**Exercise:**
Copy out each line of the data that holds the string "LCSC".
_ _ _ _ _
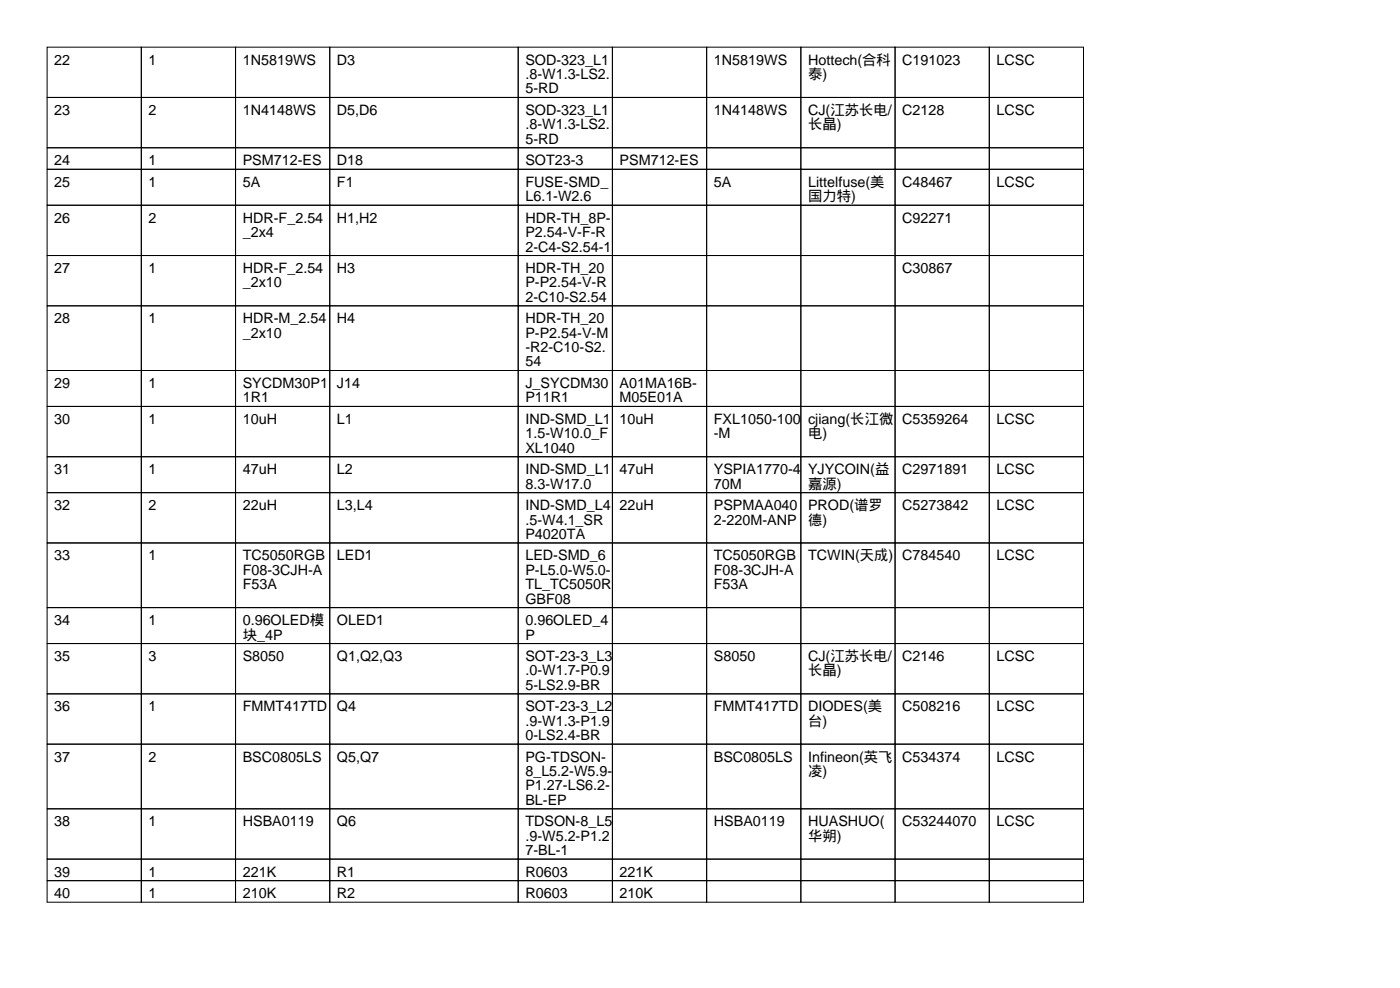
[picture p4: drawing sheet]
<svg xmlns="http://www.w3.org/2000/svg" width="297mm" height="210mm" viewBox="0 0 297 210" stroke-linecap="round" stroke-linejoin="round" font-family="sans-serif">
<defs><g id="words">
<g font-size="3">
<text x="11.5" y="13.7">22</text>
<text x="31.5" y="13.7">1</text>
<text x="51.5" y="13.7">1N5819WS</text>
<text x="71.5" y="13.7">D3</text>
<text x="111.5" y="13.7">SOD-323_L1</text>
<text x="111.5" y="16.8">.8-W1.3-LS2.</text>
<text x="151.5" y="13.7">1N5819WS</text>
<text x="171.5" y="13.7">Hottech(合科</text>
<text x="171.5" y="16.8">泰)</text>
<text x="191.5" y="13.7">C191023</text>
<text x="211.5" y="13.7">LCSC</text>
<text x="111.5" y="19.8">5-RD</text>
<text x="11.5" y="24.4">23</text>
<text x="31.5" y="24.4">2</text>
<text x="51.5" y="24.4">1N4148WS</text>
<text x="71.5" y="24.4">D5,D6</text>
<text x="111.5" y="24.4">SOD-323_L1</text>
<text x="111.5" y="27.4">.8-W1.3-LS2.</text>
<text x="151.5" y="24.4">1N4148WS</text>
<text x="171.5" y="24.4">CJ(江苏长电/</text>
<text x="171.5" y="27.4">长晶)</text>
<text x="191.5" y="24.4">C2128</text>
<text x="211.5" y="24.4">LCSC</text>
<text x="11.5" y="35.1">24</text>
<text x="31.5" y="35.1">1</text>
<text x="51.5" y="35.1">PSM712-ES</text>
<text x="71.5" y="35.1">D18</text>
<text x="111.5" y="30.5">5-RD</text>
<text x="111.5" y="35.1">SOT23-3</text>
<text x="131.5" y="35.1">PSM712-ES</text>
<text x="11.5" y="39.6">25</text>
<text x="31.5" y="39.6">1</text>
<text x="51.5" y="39.6">5A</text>
<text x="71.5" y="39.6">F1</text>
<text x="111.5" y="39.6">FUSE-SMD_</text>
<text x="151.5" y="39.6">5A</text>
<text x="171.5" y="39.6">Littelfuse(美</text>
<text x="191.5" y="39.6">C48467</text>
<text x="211.5" y="39.6">LCSC</text>
<text x="11.5" y="47.2">26</text>
<text x="31.5" y="47.2">2</text>
<text x="51.5" y="47.2">HDR-F_2.54</text>
<text x="71.5" y="47.2">H1,H2</text>
<text x="111.5" y="42.7">L6.1-W2.6</text>
<text x="111.5" y="47.2">HDR-TH_8P-</text>
<text x="171.5" y="42.7">国力特)</text>
<text x="191.5" y="47.2">C92271</text>
<text x="51.5" y="50.3">_2x4</text>
<text x="111.5" y="50.3">P2.54-V-F-R</text>
<text x="111.5" y="53.3">2-C4-S2.54-1</text>
<text x="11.5" y="57.9">27</text>
<text x="31.5" y="57.9">1</text>
<text x="51.5" y="57.9">HDR-F_2.54</text>
<text x="71.5" y="57.9">H3</text>
<text x="111.5" y="57.9">HDR-TH_20</text>
<text x="191.5" y="57.9">C30867</text>
<text x="51.5" y="61">_2x10</text>
<text x="111.5" y="61">P-P2.54-V-R</text>
<text x="111.5" y="64">2-C10-S2.54</text>
<text x="11.5" y="68.6">28</text>
<text x="31.5" y="68.6">1</text>
<text x="51.5" y="68.6">HDR-M_2.54</text>
<text x="51.5" y="71.6">_2x10</text>
<text x="71.5" y="68.6">H4</text>
<text x="111.5" y="68.6">HDR-TH_20</text>
<text x="111.5" y="71.6">P-P2.54-V-M</text>
<text x="111.5" y="74.7">-R2-C10-S2.</text>
<text x="111.5" y="77.7">54</text>
<text x="11.5" y="82.3">29</text>
<text x="31.5" y="82.3">1</text>
<text x="51.5" y="82.3">SYCDM30P1</text>
<text x="71.5" y="82.3">J14</text>
<text x="111.5" y="82.3">J_SYCDM30</text>
<text x="131.5" y="82.3">A01MA16B-</text>
<text x="11.5" y="89.9">30</text>
<text x="31.5" y="89.9">1</text>
<text x="51.5" y="85.3">1R1</text>
<text x="51.5" y="89.9">10uH</text>
<text x="71.5" y="89.9">L1</text>
<text x="111.5" y="85.3">P11R1</text>
<text x="111.5" y="89.9">IND-SMD_L1</text>
<text x="131.5" y="85.3">M05E01A</text>
<text x="131.5" y="89.9">10uH</text>
<text x="151.5" y="89.9">FXL1050-100</text>
<text x="171.5" y="89.9">cjiang(长江微</text>
<text x="191.5" y="89.9">C5359264</text>
<text x="211.5" y="89.9">LCSC</text>
<text x="111.5" y="93">1.5-W10.0_F</text>
<text x="151.5" y="93">-M</text>
<text x="171.5" y="93">电)</text>
<text x="11.5" y="100.6">31</text>
<text x="31.5" y="100.6">1</text>
<text x="51.5" y="100.6">47uH</text>
<text x="71.5" y="100.6">L2</text>
<text x="111.5" y="96">XL1040</text>
<text x="111.5" y="100.6">IND-SMD_L1</text>
<text x="131.5" y="100.6">47uH</text>
<text x="151.5" y="100.6">YSPIA1770-4</text>
<text x="171.5" y="100.6">YJYCOIN(益</text>
<text x="191.5" y="100.6">C2971891</text>
<text x="211.5" y="100.6">LCSC</text>
<text x="111.5" y="103.6">8.3-W17.0</text>
<text x="151.5" y="103.6">70M</text>
<text x="171.5" y="103.6">嘉源)</text>
<text x="11.5" y="108.2">32</text>
<text x="31.5" y="108.2">2</text>
<text x="51.5" y="108.2">22uH</text>
<text x="71.5" y="108.2">L3,L4</text>
<text x="111.5" y="108.2">IND-SMD_L4</text>
<text x="111.5" y="111.3">.5-W4.1_SR</text>
<text x="131.5" y="108.2">22uH</text>
<text x="151.5" y="108.2">PSPMAA040</text>
<text x="151.5" y="111.3">2-220M-ANP</text>
<text x="171.5" y="108.2">PROD(谱罗</text>
<text x="171.5" y="111.3">德)</text>
<text x="191.5" y="108.2">C5273842</text>
<text x="211.5" y="108.2">LCSC</text>
<text x="11.5" y="118.9">33</text>
<text x="31.5" y="118.9">1</text>
<text x="51.5" y="118.9">TC5050RGB</text>
<text x="71.5" y="118.9">LED1</text>
<text x="111.5" y="114.3">P4020TA</text>
<text x="111.5" y="118.9">LED-SMD_6</text>
<text x="151.5" y="118.9">TC5050RGB</text>
<text x="171.5" y="118.9">TCWIN(天成)</text>
<text x="191.5" y="118.9">C784540</text>
<text x="211.5" y="118.9">LCSC</text>
<text x="51.5" y="121.9">F08-3CJH-A</text>
<text x="51.5" y="125">F53A</text>
<text x="111.5" y="121.9">P-L5.0-W5.0-</text>
<text x="111.5" y="125">TL_TC5050R</text>
<text x="151.5" y="121.9">F08-3CJH-A</text>
<text x="151.5" y="125">F53A</text>
<text x="111.5" y="128">GBF08</text>
<text x="11.5" y="132.6">34</text>
<text x="31.5" y="132.6">1</text>
<text x="51.5" y="132.6">0.96OLED模</text>
<text x="51.5" y="135.6">块_4P</text>
<text x="71.5" y="132.6">OLED1</text>
<text x="111.5" y="132.6">0.96OLED_4</text>
<text x="111.5" y="135.6">P</text>
<text x="11.5" y="140.2">35</text>
<text x="31.5" y="140.2">3</text>
<text x="51.5" y="140.2">S8050</text>
<text x="71.5" y="140.2">Q1,Q2,Q3</text>
<text x="111.5" y="140.2">SOT-23-3_L3</text>
<text x="111.5" y="143.3">.0-W1.7-P0.9</text>
<text x="151.5" y="140.2">S8050</text>
<text x="171.5" y="140.2">CJ(江苏长电/</text>
<text x="171.5" y="143.3">长晶)</text>
<text x="191.5" y="140.2">C2146</text>
<text x="211.5" y="140.2">LCSC</text>
<text x="111.5" y="146.3">5-LS2.9-BR</text>
<text x="11.5" y="150.9">36</text>
<text x="31.5" y="150.9">1</text>
<text x="51.5" y="150.9">FMMT417TD</text>
<text x="71.5" y="150.9">Q4</text>
<text x="111.5" y="150.9">SOT-23-3_L2</text>
<text x="111.5" y="153.9">.9-W1.3-P1.9</text>
<text x="151.5" y="150.9">FMMT417TD</text>
<text x="171.5" y="150.9">DIODES(美</text>
<text x="171.5" y="153.9">台)</text>
<text x="191.5" y="150.9">C508216</text>
<text x="211.5" y="150.9">LCSC</text>
<text x="11.5" y="161.5">37</text>
<text x="31.5" y="161.5">2</text>
<text x="51.5" y="161.5">BSC0805LS</text>
<text x="71.5" y="161.5">Q5,Q7</text>
<text x="111.5" y="157">0-LS2.4-BR</text>
<text x="111.5" y="161.5">PG-TDSON-</text>
<text x="151.5" y="161.5">BSC0805LS</text>
<text x="171.5" y="161.5">Infineon(英飞</text>
<text x="191.5" y="161.5">C534374</text>
<text x="211.5" y="161.5">LCSC</text>
<text x="111.5" y="164.6">8_L5.2-W5.9-</text>
<text x="111.5" y="167.6">P1.27-LS6.2-</text>
<text x="171.5" y="164.6">凌)</text>
<text x="111.5" y="170.7">BL-EP</text>
<text x="11.5" y="175.3">38</text>
<text x="31.5" y="175.3">1</text>
<text x="51.5" y="175.3">HSBA0119</text>
<text x="71.5" y="175.3">Q6</text>
<text x="111.5" y="175.3">TDSON-8_L5</text>
<text x="111.5" y="178.3">.9-W5.2-P1.2</text>
<text x="151.5" y="175.3">HSBA0119</text>
<text x="171.5" y="175.3">HUASHUO(</text>
<text x="171.5" y="178.3">华朔)</text>
<text x="191.5" y="175.3">C53244070</text>
<text x="211.5" y="175.3">LCSC</text>
<text x="11.5" y="185.9">39</text>
<text x="31.5" y="185.9">1</text>
<text x="51.5" y="185.9">221K</text>
<text x="71.5" y="185.9">R1</text>
<text x="111.5" y="181.4">7-BL-1</text>
<text x="111.5" y="185.9">R0603</text>
<text x="131.5" y="185.9">221K</text>
<text x="11.5" y="190.5">40</text>
<text x="31.5" y="190.5">1</text>
<text x="51.5" y="190.5">210K</text>
<text x="71.5" y="190.5">R2</text>
<text x="111.5" y="190.5">R0603</text>
<text x="131.5" y="190.5">210K</text>
</g>
</g></defs>
<g fill="none" stroke="#000" stroke-width=".21">
<path d="M10 10h20v10.7h-20zM30 10h20v10.7h-20zM50 10h20v10.7h-20zM70 10h40v10.7h-40zM110 10h20v10.7h-20zM130 10h20v10.7h-20zM150 10h20v10.7h-20zM170 10h20v10.7h-20zM190 10h20v10.7h-20zM210 10h20v10.7h-20zM10 20.7h20v10.6h-20zM10 31.3h20v4.6h-20z"/>
<path d="M10 35.9h20v7.6h-20zM30 20.7h20v10.6h-20zM30 31.3h20v4.6h-20zM30 35.9h20v7.6h-20zM50 20.7h20v10.6h-20zM50 31.3h20v4.6h-20zM50 35.9h20v7.6h-20zM70 20.7h40v10.6h-40zM70 31.3h40v4.6h-40zM70 35.9h40v7.6h-40zM110 20.7h20v10.6h-20zM110 31.3h20v4.6h-20z"/>
<path d="M110 35.9h20v7.6h-20zM130 20.7h20v10.6h-20zM130 31.3h20v4.6h-20zM130 35.9h20v7.6h-20zM150 20.7h20v10.6h-20zM150 31.3h20v4.6h-20zM150 35.9h20v7.6h-20zM170 20.7h20v10.6h-20zM170 31.3h20v4.6h-20zM170 35.9h20v7.6h-20zM190 20.7h20v10.6h-20zM190 31.3h20v4.6h-20z"/>
<path d="M190 35.9h20v7.6h-20zM210 20.7h20v10.6h-20zM210 31.3h20v4.6h-20zM210 35.9h20v7.6h-20zM10 43.5h20v10.7h-20zM10 54.2h20v10.7h-20zM30 43.5h20v10.7h-20zM30 54.2h20v10.7h-20zM50 43.5h20v10.7h-20zM50 54.2h20v10.7h-20zM70 43.5h40v10.7h-40zM70 54.2h40v10.7h-40z"/>
<path d="M110 43.5h20v10.7h-20zM110 54.2h20v10.7h-20zM130 43.5h20v10.7h-20zM130 54.2h20v10.7h-20zM150 43.5h20v10.7h-20zM150 54.2h20v10.7h-20zM170 43.5h20v10.7h-20zM170 54.2h20v10.7h-20zM190 43.5h20v10.7h-20zM190 54.2h20v10.7h-20zM210 43.5h20v10.7h-20zM210 54.2h20v10.7h-20z"/>
<path d="M10 64.9h20v13.7h-20zM10 78.6h20v7.6h-20zM30 64.9h20v13.7h-20zM30 78.6h20v7.6h-20zM50 64.9h20v13.7h-20zM50 78.6h20v7.6h-20zM70 64.9h40v13.7h-40zM70 78.6h40v7.6h-40zM110 64.9h20v13.7h-20zM110 78.6h20v7.6h-20zM130 64.9h20v13.7h-20zM130 78.6h20v7.6h-20z"/>
<path d="M150 64.9h20v13.7h-20zM150 78.6h20v7.6h-20zM170 64.9h20v13.7h-20zM170 78.6h20v7.6h-20zM190 64.9h20v13.7h-20zM190 78.6h20v7.6h-20zM210 64.9h20v13.7h-20zM210 78.6h20v7.6h-20zM10 86.2h20v10.7h-20zM10 96.9h20v7.6h-20zM30 86.2h20v10.7h-20zM30 96.9h20v7.6h-20z"/>
<path d="M50 86.2h20v10.7h-20zM50 96.9h20v7.6h-20zM70 86.2h40v10.7h-40zM70 96.9h40v7.6h-40zM110 86.2h20v10.7h-20zM110 96.9h20v7.6h-20zM130 86.2h20v10.7h-20zM130 96.9h20v7.6h-20zM150 86.2h20v10.7h-20zM150 96.9h20v7.6h-20zM170 86.2h20v10.7h-20zM170 96.9h20v7.6h-20z"/>
<path d="M190 86.2h20v10.7h-20zM190 96.9h20v7.6h-20zM210 86.2h20v10.7h-20zM210 96.9h20v7.6h-20zM10 104.5h20v10.7h-20zM10 115.2h20v13.7h-20zM30 104.5h20v10.7h-20zM30 115.2h20v13.7h-20zM50 104.5h20v10.7h-20zM50 115.2h20v13.7h-20zM70 104.5h40v10.7h-40zM70 115.2h40v13.7h-40z"/>
<path d="M110 104.5h20v10.7h-20zM110 115.2h20v13.7h-20zM130 104.5h20v10.7h-20zM130 115.2h20v13.7h-20zM150 104.5h20v10.7h-20zM150 115.2h20v13.7h-20zM170 104.5h20v10.7h-20zM170 115.2h20v13.7h-20zM190 104.5h20v10.7h-20zM190 115.2h20v13.7h-20zM210 104.5h20v10.7h-20zM210 115.2h20v13.7h-20z"/>
<path d="M10 128.9h20v7.6h-20zM10 136.5h20v10.7h-20zM30 128.9h20v7.6h-20zM30 136.5h20v10.7h-20zM50 128.9h20v7.6h-20zM50 136.5h20v10.7h-20zM70 128.9h40v7.6h-40zM70 136.5h40v10.7h-40zM110 128.9h20v7.6h-20zM110 136.5h20v10.7h-20zM130 128.9h20v7.6h-20zM130 136.5h20v10.7h-20z"/>
<path d="M150 128.9h20v7.6h-20zM150 136.5h20v10.7h-20zM170 128.9h20v7.6h-20zM170 136.5h20v10.7h-20zM190 128.9h20v7.6h-20zM190 136.5h20v10.7h-20zM210 128.9h20v7.6h-20zM210 136.5h20v10.7h-20zM10 147.2h20v10.6h-20zM10 157.8h20v13.7h-20zM30 147.2h20v10.6h-20zM30 157.8h20v13.7h-20z"/>
<path d="M50 147.2h20v10.6h-20zM50 157.8h20v13.7h-20zM70 147.2h40v10.6h-40zM70 157.8h40v13.7h-40zM110 147.2h20v10.6h-20zM110 157.8h20v13.7h-20zM130 147.2h20v10.6h-20zM130 157.8h20v13.7h-20zM150 147.2h20v10.6h-20zM150 157.8h20v13.7h-20zM170 147.2h20v10.6h-20zM170 157.8h20v13.7h-20z"/>
<path d="M190 147.2h20v10.6h-20zM190 157.8h20v13.7h-20zM210 147.2h20v10.6h-20zM210 157.8h20v13.7h-20zM10 171.5h20v10.7h-20zM30 171.5h20v10.7h-20zM50 171.5h20v10.7h-20zM70 171.5h40v10.7h-40zM110 171.5h20v10.7h-20zM130 171.5h20v10.7h-20zM150 171.5h20v10.7h-20zM170 171.5h20v10.7h-20z"/>
<path d="M190 171.5h20v10.7h-20zM210 171.5h20v10.7h-20zM10 182.2h20v4.6h-20zM10 186.8h20v4.6h-20zM30 182.2h20v4.6h-20zM30 186.8h20v4.6h-20zM50 182.2h20v4.6h-20zM50 186.8h20v4.6h-20zM70 182.2h40v4.6h-40zM70 186.8h40v4.6h-40zM110 182.2h20v4.6h-20zM110 186.8h20v4.6h-20z"/>
<path d="M130 182.2h20v4.6h-20zM130 186.8h20v4.6h-20zM150 182.2h20v4.6h-20zM150 186.8h20v4.6h-20zM170 182.2h20v4.6h-20zM170 186.8h20v4.6h-20zM190 182.2h20v4.6h-20zM190 186.8h20v4.6h-20zM210 182.2h20v4.6h-20zM210 186.8h20v4.6h-20z"/>
</g>
<use href="#words"/>
</svg>
_ _ _ _ _
**Finished task:**
<text x="211.5" y="13.7">LCSC</text>
<text x="211.5" y="24.4">LCSC</text>
<text x="211.5" y="39.6">LCSC</text>
<text x="211.5" y="89.9">LCSC</text>
<text x="211.5" y="100.6">LCSC</text>
<text x="211.5" y="108.2">LCSC</text>
<text x="211.5" y="118.9">LCSC</text>
<text x="211.5" y="140.2">LCSC</text>
<text x="211.5" y="150.9">LCSC</text>
<text x="211.5" y="161.5">LCSC</text>
<text x="211.5" y="175.3">LCSC</text>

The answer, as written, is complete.